Technical Program

Paper Detail

Paper ID	E-2-1.2
Paper Title	SPECTRAL FEATURES AND PITCH HISTOGRAM FOR AUTOMATIC SINGING QUALITY EVALUATION WITH CRNN
Authors	Lin Huang, Chitralekha Gupta, Haizhou Li, National University of Singapore, Singapore
Session	E-2-1: Music Information Processing 2, Voice Conversion
Time	Wednesday, 09 December, 12:30 - 14:00
Presentation Time:	Wednesday, 09 December, 12:45 - 13:00 Check your Time Zone
	All times are in New Zealand Time (UTC +13)

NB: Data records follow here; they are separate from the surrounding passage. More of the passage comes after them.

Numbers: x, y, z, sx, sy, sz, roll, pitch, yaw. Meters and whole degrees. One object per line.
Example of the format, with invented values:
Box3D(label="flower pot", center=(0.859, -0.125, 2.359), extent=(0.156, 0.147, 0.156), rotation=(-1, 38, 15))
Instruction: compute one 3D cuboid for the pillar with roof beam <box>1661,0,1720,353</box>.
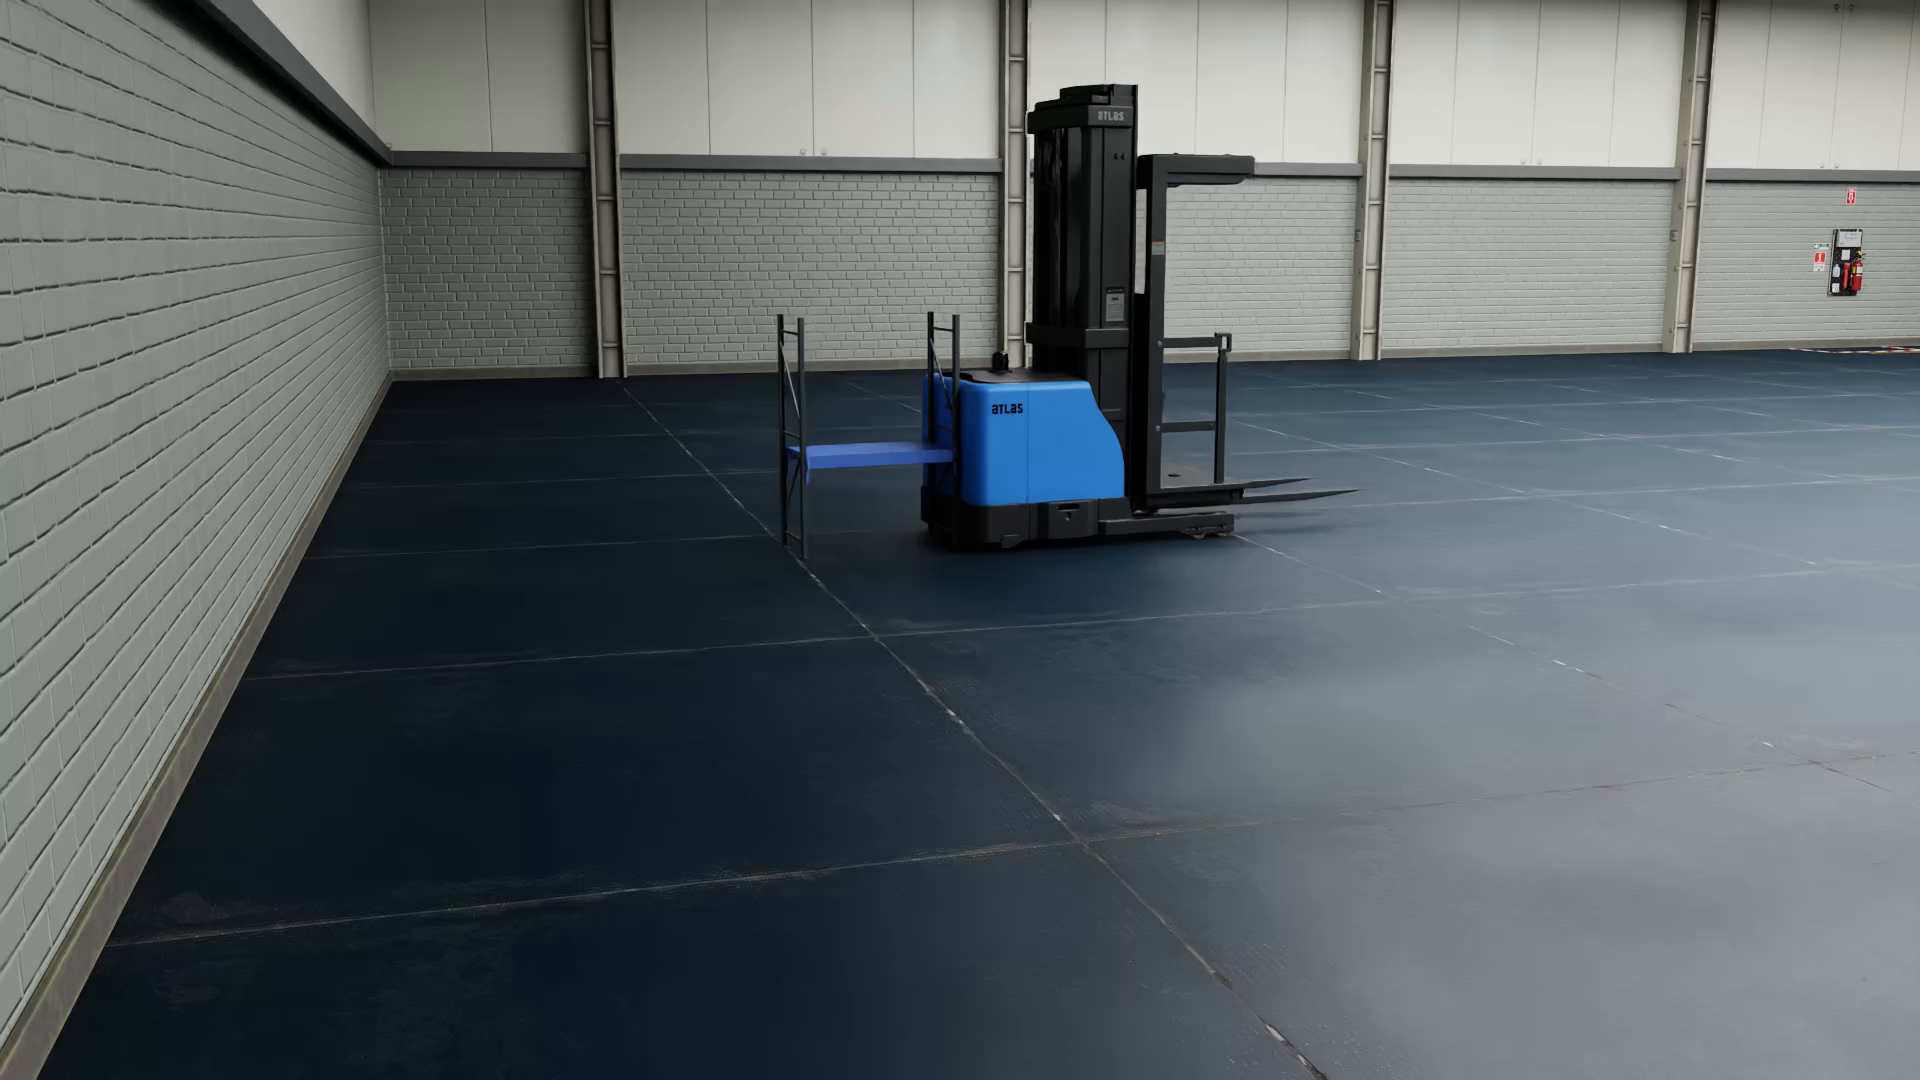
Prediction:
Box3D(label="pillar with roof beam", center=(13.534, -6.914, 23.746), extent=(0.400, 9.000, 9.100), rotation=(-3, 11, -16))

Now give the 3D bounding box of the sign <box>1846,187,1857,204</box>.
Box3D(label="sign", center=(15.672, -6.054, 29.242), extent=(0.199, 0.298, 0.001), rotation=(-3, 11, -16))

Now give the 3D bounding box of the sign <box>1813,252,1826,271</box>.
Box3D(label="sign", center=(15.148, -4.904, 29.303), extent=(0.234, 0.329, 0.001), rotation=(-3, 11, -16))

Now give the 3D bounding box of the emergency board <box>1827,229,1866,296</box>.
Box3D(label="emergency board", center=(15.708, -4.897, 29.360), extent=(0.643, 1.169, 0.194), rotation=(-3, 11, -16))

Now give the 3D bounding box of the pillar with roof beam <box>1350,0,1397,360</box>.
Box3D(label="pillar with roof beam", center=(7.773, -6.610, 22.097), extent=(0.400, 9.000, 9.100), rotation=(-3, 11, -16))

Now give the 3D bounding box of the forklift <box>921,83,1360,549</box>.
Box3D(label="forklift", center=(1.302, -1.533, 11.279), extent=(3.031, 2.935, 1.130), rotation=(-4, 11, -21))

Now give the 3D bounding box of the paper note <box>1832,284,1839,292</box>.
Box3D(label="paper note", center=(15.519, -4.467, 29.457), extent=(0.142, 0.148, 0.016), rotation=(-3, 11, -16))

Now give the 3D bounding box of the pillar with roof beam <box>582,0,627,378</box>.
Box3D(label="pillar with roof beam", center=(-3.749, -6.003, 18.798), extent=(0.400, 9.000, 9.100), rotation=(-3, 11, -16))

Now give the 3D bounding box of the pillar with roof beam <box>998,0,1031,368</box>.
Box3D(label="pillar with roof beam", center=(2.012, -6.306, 20.448), extent=(0.400, 9.000, 9.100), rotation=(-3, 11, -16))

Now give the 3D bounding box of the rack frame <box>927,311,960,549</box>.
Box3D(label="rack frame", center=(-0.110, -0.722, 10.826), extent=(0.032, 1.500, 0.500), rotation=(-4, 11, -21))

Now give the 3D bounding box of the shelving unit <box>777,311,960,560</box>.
Box3D(label="shelving unit", center=(-0.582, -0.688, 10.640), extent=(1.048, 1.500, 0.538), rotation=(-4, 11, -21))

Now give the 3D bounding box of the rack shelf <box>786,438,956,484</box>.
Box3D(label="rack shelf", center=(-0.582, -0.511, 10.673), extent=(1.000, 0.185, 0.538), rotation=(-4, 11, -21))

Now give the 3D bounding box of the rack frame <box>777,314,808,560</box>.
Box3D(label="rack frame", center=(-1.054, -0.654, 10.455), extent=(0.032, 1.500, 0.500), rotation=(-4, 11, -21))

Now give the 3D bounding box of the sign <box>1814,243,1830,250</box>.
Box3D(label="sign", center=(15.155, -5.164, 29.248), extent=(0.331, 0.109, 0.001), rotation=(-3, 11, -16))

Topic	Speech, Language, and Audio (SLA):
Abstract	Deep neural networks (DNNs) have been applied successfully to music information retrieval (MIR). In this paper, we design a convolutional recurrent neural network (CRNN) for automatic singing quality evaluation, and present a comparative study over various acoustic features as network input. We optimize the CRNN so that the machine-predicted scores are closer to the human-annotated scores. Furthermore, we augment spectral features with pitch histogram (a musically-motivated representation) as network input. The experiments show that our proposed CRNN framework can learn the underlying discerning properties of singing quality effectively. Moreover, explicit incorporation of pitch histogram further improves system performance, and reduces the system’s dependency on song content.